Board of Education v. Hamilton Classroom Teachers Ass'n

449 N.E.2d 26, 5 Ohio App. 3d 51, 5 Ohio B. 146, 1982 Ohio App. LEXIS 11035
CourtOhio Court of Appeals
DecidedAugust 11, 1982
Docket81-02-0012
StatusPublished
Cited by11 cases

This text of 449 N.E.2d 26 (Board of Education v. Hamilton Classroom Teachers Ass'n) is published on Counsel Stack Legal Research, covering Ohio Court of Appeals primary law. Counsel Stack provides free access to over 12 million legal documents including statutes, case law, regulations, and constitutions.

Bluebook
Board of Education v. Hamilton Classroom Teachers Ass'n, 449 N.E.2d 26, 5 Ohio App. 3d 51, 5 Ohio B. 146, 1982 Ohio App. LEXIS 11035 (Ohio Ct. App. 1982).

Opinion

Corrigan, P.J.

Appellee, the Board of Education of the Hamilton City School District, brought this action seeking to enjoin appellants, teachers of said school system, from engaging in a strike and from obstructing access to and from school buildings.

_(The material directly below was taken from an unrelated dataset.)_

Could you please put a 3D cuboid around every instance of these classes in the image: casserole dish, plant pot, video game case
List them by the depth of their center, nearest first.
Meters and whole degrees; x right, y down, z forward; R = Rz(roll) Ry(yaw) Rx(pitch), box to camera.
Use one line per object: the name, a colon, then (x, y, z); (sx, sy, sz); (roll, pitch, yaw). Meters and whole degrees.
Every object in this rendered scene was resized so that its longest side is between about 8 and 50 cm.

A temporary restraining order (TRO) was issued upon appellee’s verified complaint and subsequent to a hearing in which counsel for both parties participated. Two days later, on November 19,1980, another hearing was held on appellee’s motion for a second TRO and the court issued a limited picketing order.

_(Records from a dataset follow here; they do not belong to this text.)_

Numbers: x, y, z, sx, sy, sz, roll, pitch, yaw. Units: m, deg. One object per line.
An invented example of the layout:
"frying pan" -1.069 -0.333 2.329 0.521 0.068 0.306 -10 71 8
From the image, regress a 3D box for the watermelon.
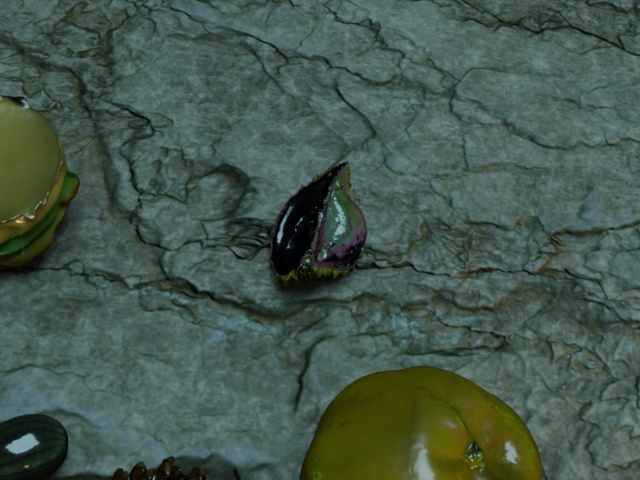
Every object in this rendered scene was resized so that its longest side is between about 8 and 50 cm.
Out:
"watermelon" -0.342 0.240 1.260 0.111 0.078 0.078 -17 58 -21

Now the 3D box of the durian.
"durian" 0.003 0.002 1.513 0.108 0.119 0.186 36 58 -31

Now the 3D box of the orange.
"orange" 0.116 0.270 1.217 0.279 0.235 0.279 11 50 -14

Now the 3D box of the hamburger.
"hamburger" -0.428 -0.066 1.435 0.237 0.149 0.237 1 59 -2

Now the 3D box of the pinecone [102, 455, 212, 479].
"pinecone" -0.156 0.325 1.169 0.213 0.168 0.185 8 47 -3

Later evidence revealed that teachers disobeyed the court’s orders and thirty-nine of the teachers, appellants herein, were found guilty of contempt after a lengthy hearing covering approximately three hundred pages of transcript. Sentences imposed on the teachers varied, depending upon whether each was found to have violated the limited picketing order. All thirty-nine were fined $315 for violation of the back-to-work order of November 17,1980 ($15 per each day of violation) and twenty-seven of these were fined an additional $100 for violation of the limited picketing order.

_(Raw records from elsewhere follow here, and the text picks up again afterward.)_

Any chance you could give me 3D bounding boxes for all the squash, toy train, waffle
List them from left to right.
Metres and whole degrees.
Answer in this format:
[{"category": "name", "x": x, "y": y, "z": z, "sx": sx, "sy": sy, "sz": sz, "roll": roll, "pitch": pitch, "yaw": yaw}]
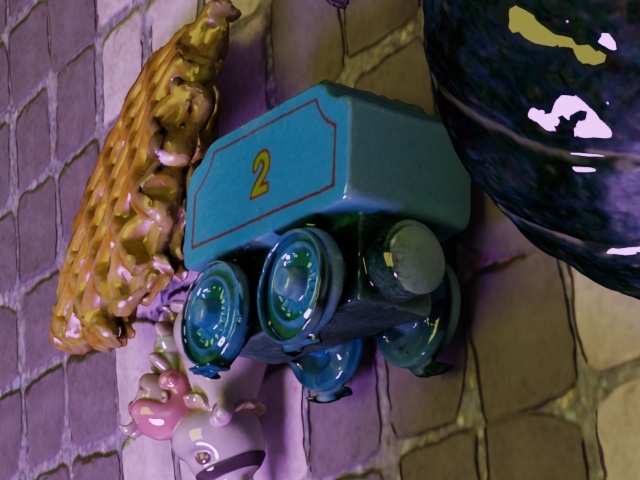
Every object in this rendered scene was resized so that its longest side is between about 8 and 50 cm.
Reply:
[{"category": "waffle", "x": -0.125, "y": -0.038, "z": 1.138, "sx": 0.254, "sy": 0.052, "sz": 0.245, "roll": 142, "pitch": 144, "yaw": -60}, {"category": "toy train", "x": 0.000, "y": 0.000, "z": 0.950, "sx": 0.203, "sy": 0.112, "sz": 0.163, "roll": -21, "pitch": 62, "yaw": 50}, {"category": "squash", "x": 0.159, "y": -0.095, "z": 0.608, "sx": 0.165, "sy": 0.252, "sz": 0.252, "roll": 42, "pitch": 119, "yaw": 42}]

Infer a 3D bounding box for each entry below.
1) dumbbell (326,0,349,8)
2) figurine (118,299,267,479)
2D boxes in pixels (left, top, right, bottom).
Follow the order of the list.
[{"category": "dumbbell", "x": 0.052, "y": -0.223, "z": 0.922, "sx": 0.208, "sy": 0.099, "sz": 0.099, "roll": -63, "pitch": 39, "yaw": 26}, {"category": "figurine", "x": -0.075, "y": 0.115, "z": 1.062, "sx": 0.098, "sy": 0.081, "sz": 0.146, "roll": 0, "pitch": 77, "yaw": 30}]
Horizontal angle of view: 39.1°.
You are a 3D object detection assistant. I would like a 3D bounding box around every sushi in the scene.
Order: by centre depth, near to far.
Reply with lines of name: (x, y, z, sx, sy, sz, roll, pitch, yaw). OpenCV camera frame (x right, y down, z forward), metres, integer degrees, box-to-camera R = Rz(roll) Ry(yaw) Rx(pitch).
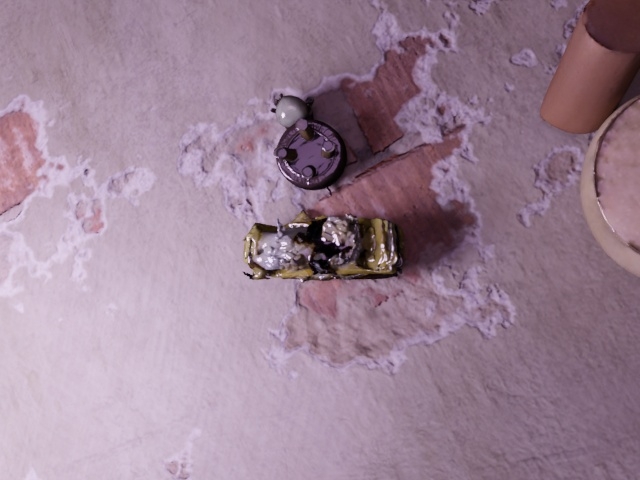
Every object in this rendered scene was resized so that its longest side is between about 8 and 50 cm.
sushi: (0.002, 0.001, 1.578, 0.291, 0.131, 0.139, -3, 79, 21)

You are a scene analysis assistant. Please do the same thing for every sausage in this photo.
sausage: (0.449, -0.277, 1.473, 0.123, 0.253, 0.123, 1, 63, -3)

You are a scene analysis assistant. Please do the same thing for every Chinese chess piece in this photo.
Chinese chess piece: (0.592, -0.090, 1.450, 0.338, 0.140, 0.338, -3, 79, 14)

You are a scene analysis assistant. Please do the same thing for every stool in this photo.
stool: (-0.029, -0.182, 1.630, 0.125, 0.121, 0.217, -23, 79, 9)

This timely appeal followed, assigning the following errors for review:

“I. The trial court erred to the prejudice of the defendants in granting a temporary restraining order to precede a preliminary injunction when the plaintiff could not meet the elements required for an injunction, namely a showing of: (1) an inadequate remedy at law, (2) irreparable injury, and (3) presence of a clear right to an injunction.
“II. The trial court erred to the prejudice of defendants-appellants by maintaining the joinder of defendant parties when individual defendants had separate issues of fact and law.
“III. The court violated procedural due process guarantees when it conducted a mass trial, presumed guilt, and upon an insufficiency of the evidence found all defendants guilty of contempt.
“IV. The trial court erred to the prejudice of the defendants by summarily finding each defendant in contempt when facts showed defendants were involved in varying degrees; such lack of tailor-made sentences shows the arbitrariness of the court’s decision on the contempt charges.”

I

Appellants argue in the first assignment of error that the court erred in gran *52 ting a temporary restraining order. First, appellants suggest that the existence of legal remedies provided in the Ferguson Act rendered any equitable relief in the form of a temporary injunction improper. They also argue that appellee had no right to a temporary injunction to force teachers back to work.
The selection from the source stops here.